> [TASK OBJECTIVE]
Take the entries that follow and return exactly the lines from the one holding "Answer: probe connected" through the one holding "Answer: comparator How", both included. Nothing else is needed.

> [INPUT RECORDS]
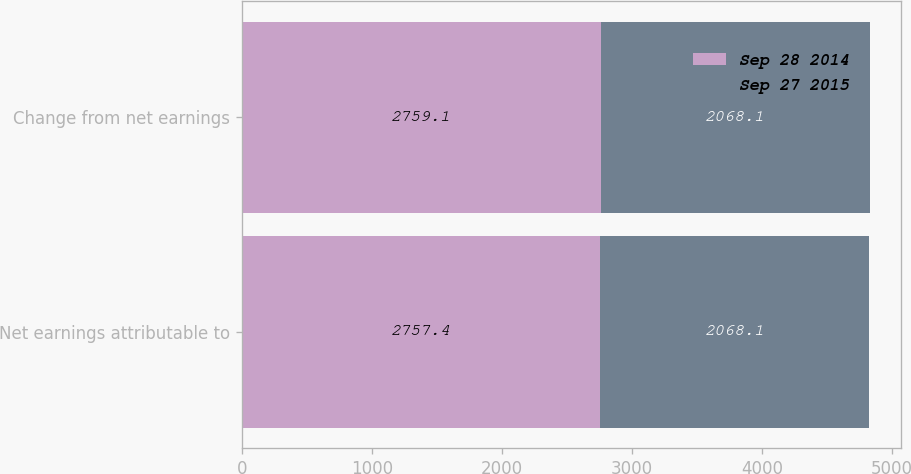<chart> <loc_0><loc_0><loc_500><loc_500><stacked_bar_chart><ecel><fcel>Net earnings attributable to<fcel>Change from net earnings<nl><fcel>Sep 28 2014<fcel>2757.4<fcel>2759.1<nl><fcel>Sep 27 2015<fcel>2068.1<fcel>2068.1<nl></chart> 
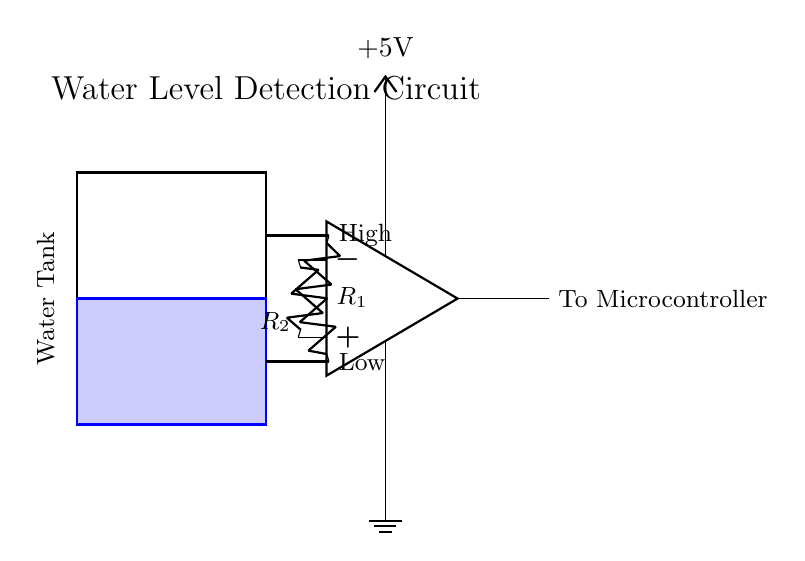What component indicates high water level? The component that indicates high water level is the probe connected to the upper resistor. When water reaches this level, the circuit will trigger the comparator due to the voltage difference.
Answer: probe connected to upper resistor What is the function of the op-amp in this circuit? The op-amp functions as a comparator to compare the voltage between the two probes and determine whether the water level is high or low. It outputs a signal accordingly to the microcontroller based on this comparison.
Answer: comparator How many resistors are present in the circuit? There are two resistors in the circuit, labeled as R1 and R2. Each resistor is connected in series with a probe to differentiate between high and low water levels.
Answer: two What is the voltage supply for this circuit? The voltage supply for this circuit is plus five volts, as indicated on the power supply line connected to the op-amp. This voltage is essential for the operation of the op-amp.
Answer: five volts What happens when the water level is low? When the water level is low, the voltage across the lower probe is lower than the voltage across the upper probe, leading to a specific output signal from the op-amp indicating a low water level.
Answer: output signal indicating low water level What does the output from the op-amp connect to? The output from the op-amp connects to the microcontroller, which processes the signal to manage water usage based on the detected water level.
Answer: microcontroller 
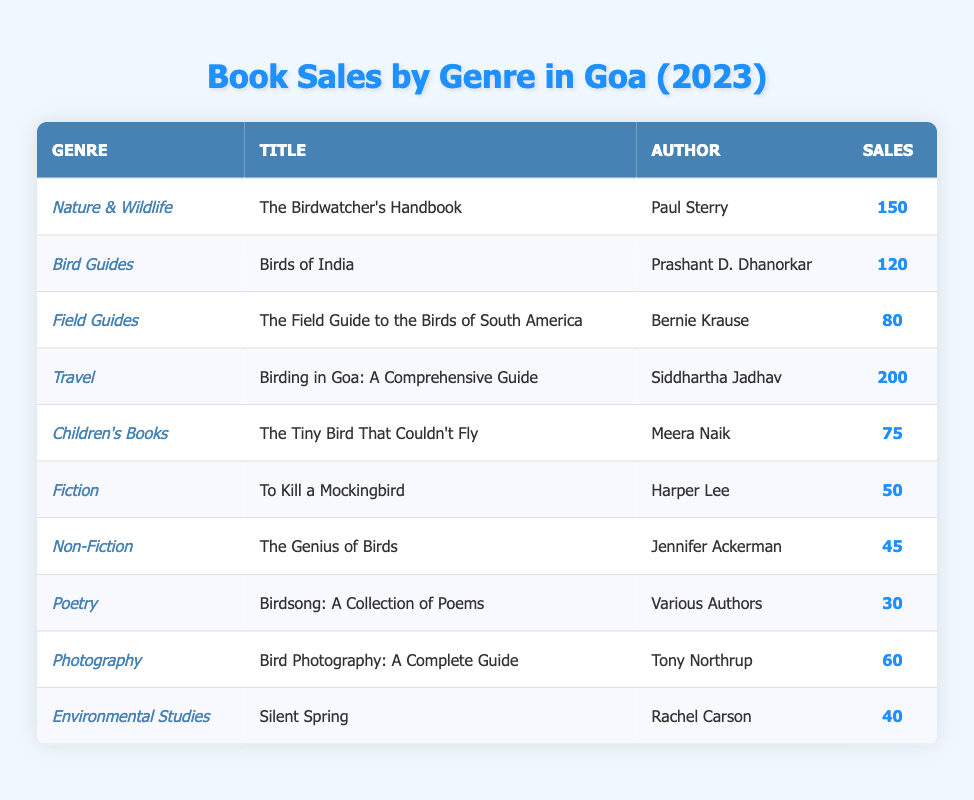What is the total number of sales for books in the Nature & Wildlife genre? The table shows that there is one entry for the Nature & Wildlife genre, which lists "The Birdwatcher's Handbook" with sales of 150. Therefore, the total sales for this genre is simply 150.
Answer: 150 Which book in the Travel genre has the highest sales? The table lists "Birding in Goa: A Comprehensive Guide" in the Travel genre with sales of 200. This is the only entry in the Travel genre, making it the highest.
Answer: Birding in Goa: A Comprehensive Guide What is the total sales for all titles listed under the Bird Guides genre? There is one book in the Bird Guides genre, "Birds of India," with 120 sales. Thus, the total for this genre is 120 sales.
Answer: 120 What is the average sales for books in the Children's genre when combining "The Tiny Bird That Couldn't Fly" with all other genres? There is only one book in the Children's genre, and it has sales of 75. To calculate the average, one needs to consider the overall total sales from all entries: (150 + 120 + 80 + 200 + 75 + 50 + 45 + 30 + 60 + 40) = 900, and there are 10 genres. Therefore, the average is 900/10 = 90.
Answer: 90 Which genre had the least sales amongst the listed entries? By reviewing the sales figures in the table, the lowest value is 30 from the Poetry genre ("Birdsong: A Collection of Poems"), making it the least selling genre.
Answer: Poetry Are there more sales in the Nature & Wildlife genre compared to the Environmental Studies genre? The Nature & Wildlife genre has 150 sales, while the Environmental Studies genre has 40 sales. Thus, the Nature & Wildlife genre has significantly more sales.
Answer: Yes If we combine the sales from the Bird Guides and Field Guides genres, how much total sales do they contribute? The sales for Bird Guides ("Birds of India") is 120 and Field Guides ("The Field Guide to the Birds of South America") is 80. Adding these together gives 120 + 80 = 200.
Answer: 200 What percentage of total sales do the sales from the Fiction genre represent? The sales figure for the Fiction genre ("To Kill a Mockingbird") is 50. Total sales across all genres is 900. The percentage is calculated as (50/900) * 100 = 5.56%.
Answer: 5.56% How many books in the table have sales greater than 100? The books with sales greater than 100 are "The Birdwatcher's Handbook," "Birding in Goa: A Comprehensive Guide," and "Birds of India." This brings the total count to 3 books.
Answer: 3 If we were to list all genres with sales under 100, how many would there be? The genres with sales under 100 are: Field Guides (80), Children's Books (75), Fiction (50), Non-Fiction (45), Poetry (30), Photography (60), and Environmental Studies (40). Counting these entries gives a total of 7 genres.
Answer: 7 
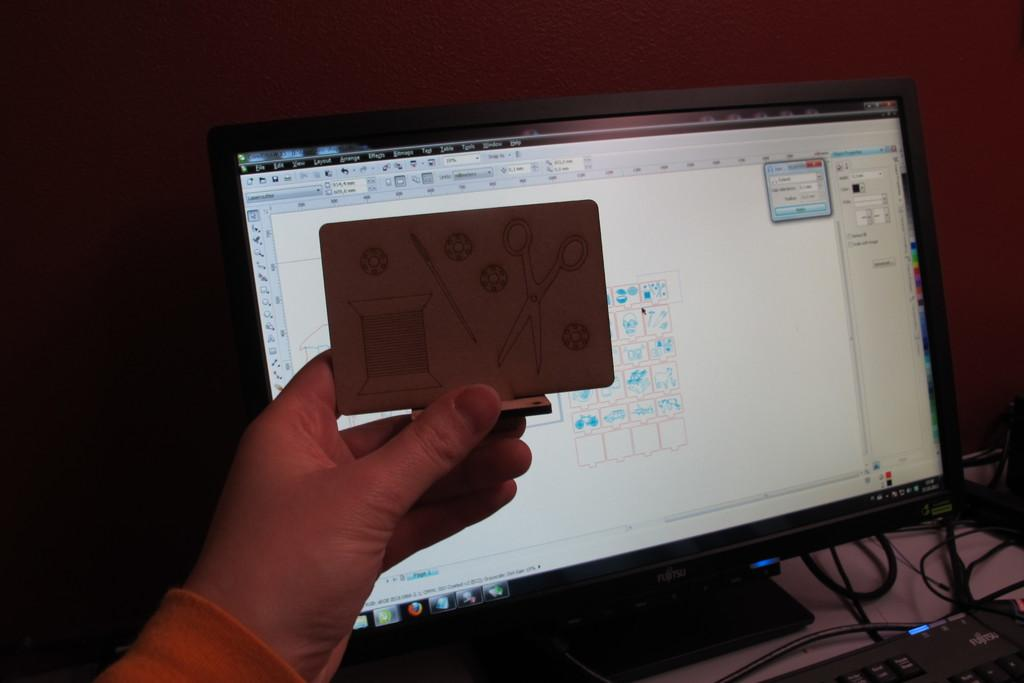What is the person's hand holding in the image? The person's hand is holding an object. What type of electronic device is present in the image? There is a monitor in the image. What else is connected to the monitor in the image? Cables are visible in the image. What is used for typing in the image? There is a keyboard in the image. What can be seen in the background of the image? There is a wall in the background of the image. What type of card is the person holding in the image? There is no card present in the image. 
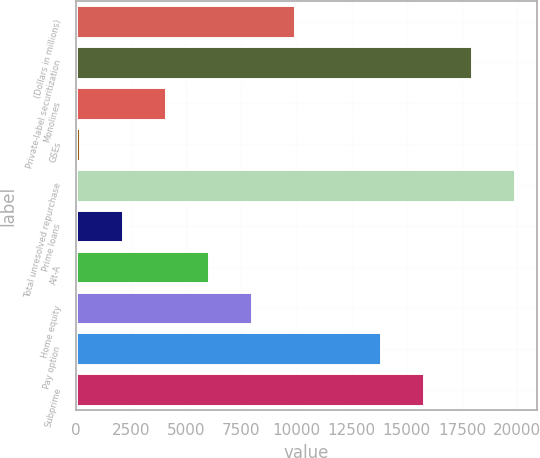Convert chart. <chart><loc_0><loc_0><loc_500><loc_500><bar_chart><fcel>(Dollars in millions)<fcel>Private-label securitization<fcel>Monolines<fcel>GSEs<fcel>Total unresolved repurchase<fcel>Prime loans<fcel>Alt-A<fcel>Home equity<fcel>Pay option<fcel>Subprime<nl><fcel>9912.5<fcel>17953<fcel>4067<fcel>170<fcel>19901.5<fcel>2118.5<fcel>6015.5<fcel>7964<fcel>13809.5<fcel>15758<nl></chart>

> [SOLVED PROBLEM]
Answer: probe connected to upper resistor What is the function of the op-amp in this circuit? The op-amp functions as a comparator to compare the voltage between the two probes and determine whether the water level is high or low. It outputs a signal accordingly to the microcontroller based on this comparison.
Answer: comparator How many resistors are present in the circuit? There are two resistors in the circuit, labeled as R1 and R2. Each resistor is connected in series with a probe to differentiate between high and low water levels.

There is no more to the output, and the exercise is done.